THE DATA section start

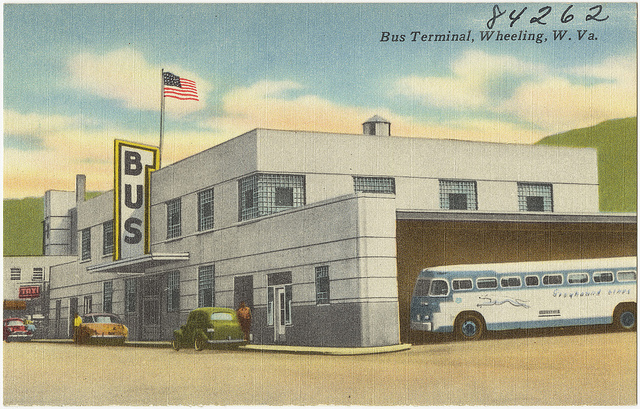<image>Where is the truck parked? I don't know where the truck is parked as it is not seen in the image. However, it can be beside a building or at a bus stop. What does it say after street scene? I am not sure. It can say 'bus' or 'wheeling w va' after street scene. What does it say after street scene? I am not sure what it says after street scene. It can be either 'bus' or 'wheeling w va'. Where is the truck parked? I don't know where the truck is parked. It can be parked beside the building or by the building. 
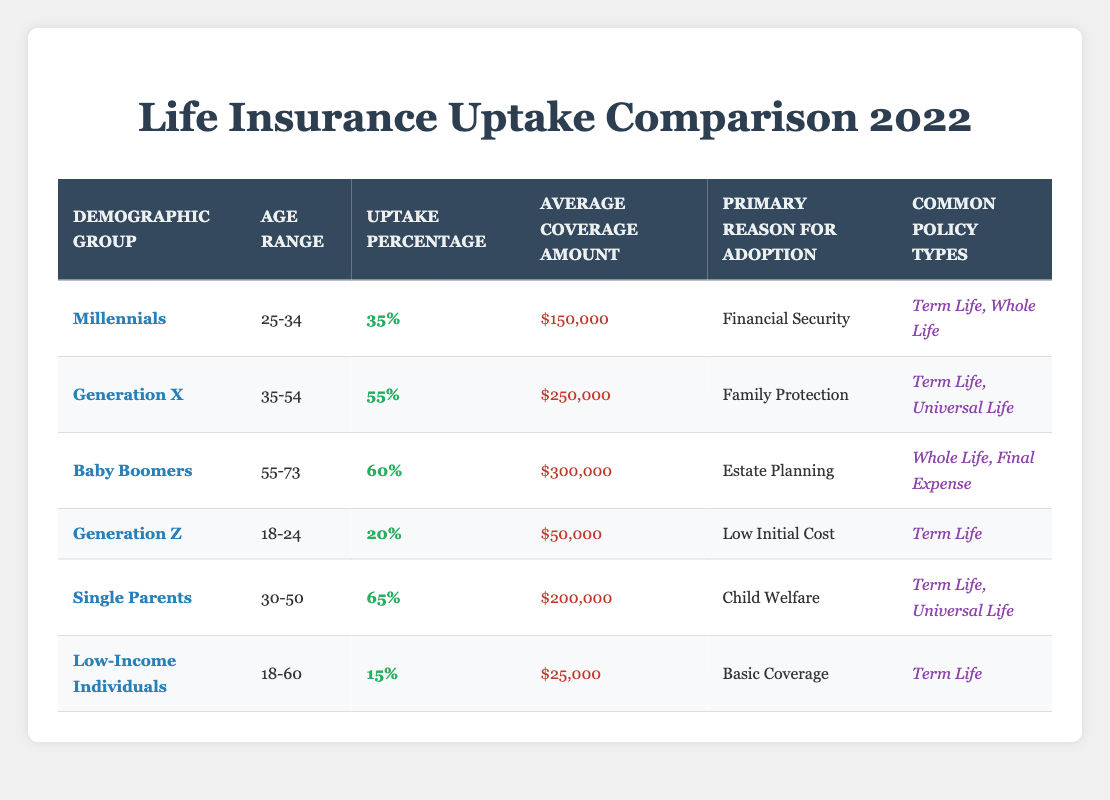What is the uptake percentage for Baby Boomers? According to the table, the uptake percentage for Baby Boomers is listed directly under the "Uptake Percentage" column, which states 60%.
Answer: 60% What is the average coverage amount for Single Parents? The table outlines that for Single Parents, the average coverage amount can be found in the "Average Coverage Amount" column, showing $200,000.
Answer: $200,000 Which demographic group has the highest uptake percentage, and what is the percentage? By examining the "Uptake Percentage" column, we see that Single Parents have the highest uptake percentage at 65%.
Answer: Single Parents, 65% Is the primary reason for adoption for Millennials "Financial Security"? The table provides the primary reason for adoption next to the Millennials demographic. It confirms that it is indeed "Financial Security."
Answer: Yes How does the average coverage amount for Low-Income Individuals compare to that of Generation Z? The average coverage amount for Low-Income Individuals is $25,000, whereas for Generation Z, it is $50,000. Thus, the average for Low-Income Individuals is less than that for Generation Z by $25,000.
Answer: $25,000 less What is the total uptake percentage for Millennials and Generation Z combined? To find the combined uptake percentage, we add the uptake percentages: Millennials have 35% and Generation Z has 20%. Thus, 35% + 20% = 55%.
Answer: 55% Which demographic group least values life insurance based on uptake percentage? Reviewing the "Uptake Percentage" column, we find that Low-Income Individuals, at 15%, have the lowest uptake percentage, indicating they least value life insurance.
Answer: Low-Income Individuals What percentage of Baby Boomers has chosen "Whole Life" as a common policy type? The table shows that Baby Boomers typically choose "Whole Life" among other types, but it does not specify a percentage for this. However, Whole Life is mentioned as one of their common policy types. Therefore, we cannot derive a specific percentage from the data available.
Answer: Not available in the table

THE DATA section end

▶ **TASK INSTRUCTIONS**: The reply should hold every entry above, given again exactly, but not a single picture.

▶ **SOLUTION TO THE PROBLEM**:
<image>Where is the truck parked? I don't know where the truck is parked as it is not seen in the image. However, it can be beside a building or at a bus stop. What does it say after street scene? I am not sure. It can say 'bus' or 'wheeling w va' after street scene. What does it say after street scene? I am not sure what it says after street scene. It can be either 'bus' or 'wheeling w va'. Where is the truck parked? I don't know where the truck is parked. It can be parked beside the building or by the building. 
What is the uptake percentage for Baby Boomers? According to the table, the uptake percentage for Baby Boomers is listed directly under the "Uptake Percentage" column, which states 60%.
Answer: 60% What is the average coverage amount for Single Parents? The table outlines that for Single Parents, the average coverage amount can be found in the "Average Coverage Amount" column, showing $200,000.
Answer: $200,000 Which demographic group has the highest uptake percentage, and what is the percentage? By examining the "Uptake Percentage" column, we see that Single Parents have the highest uptake percentage at 65%.
Answer: Single Parents, 65% Is the primary reason for adoption for Millennials "Financial Security"? The table provides the primary reason for adoption next to the Millennials demographic. It confirms that it is indeed "Financial Security."
Answer: Yes How does the average coverage amount for Low-Income Individuals compare to that of Generation Z? The average coverage amount for Low-Income Individuals is $25,000, whereas for Generation Z, it is $50,000. Thus, the average for Low-Income Individuals is less than that for Generation Z by $25,000.
Answer: $25,000 less What is the total uptake percentage for Millennials and Generation Z combined? To find the combined uptake percentage, we add the uptake percentages: Millennials have 35% and Generation Z has 20%. Thus, 35% + 20% = 55%.
Answer: 55% Which demographic group least values life insurance based on uptake percentage? Reviewing the "Uptake Percentage" column, we find that Low-Income Individuals, at 15%, have the lowest uptake percentage, indicating they least value life insurance.
Answer: Low-Income Individuals What percentage of Baby Boomers has chosen "Whole Life" as a common policy type? The table shows that Baby Boomers typically choose "Whole Life" among other types, but it does not specify a percentage for this. However, Whole Life is mentioned as one of their common policy types. Therefore, we cannot derive a specific percentage from the data available.
Answer: Not available in the table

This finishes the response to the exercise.